[Records from a collection]

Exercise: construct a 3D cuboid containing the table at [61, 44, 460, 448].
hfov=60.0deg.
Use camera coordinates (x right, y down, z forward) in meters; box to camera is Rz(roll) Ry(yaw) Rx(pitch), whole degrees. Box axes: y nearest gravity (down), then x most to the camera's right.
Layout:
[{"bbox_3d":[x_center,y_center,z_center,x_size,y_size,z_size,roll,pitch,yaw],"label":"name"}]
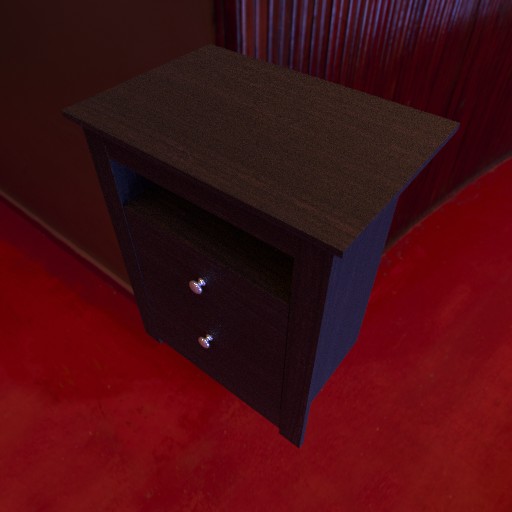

## Task goal
Copy out the data exactly and keep the pictures out.

## Written solution
Exercise: construct a 3D cuboid containing the table at [61, 44, 460, 448].
hfov=60.0deg.
Use camera coordinates (x right, y down, z forward) in meters; box to camera is Rz(roll) Ry(yaw) Rx(pitch), whole degrees. Box axes: y nearest gravity (down), then x most to the camera's right.
Layout:
[{"bbox_3d":[x_center,y_center,z_center,x_size,y_size,z_size,roll,pitch,yaw],"label":"name"}]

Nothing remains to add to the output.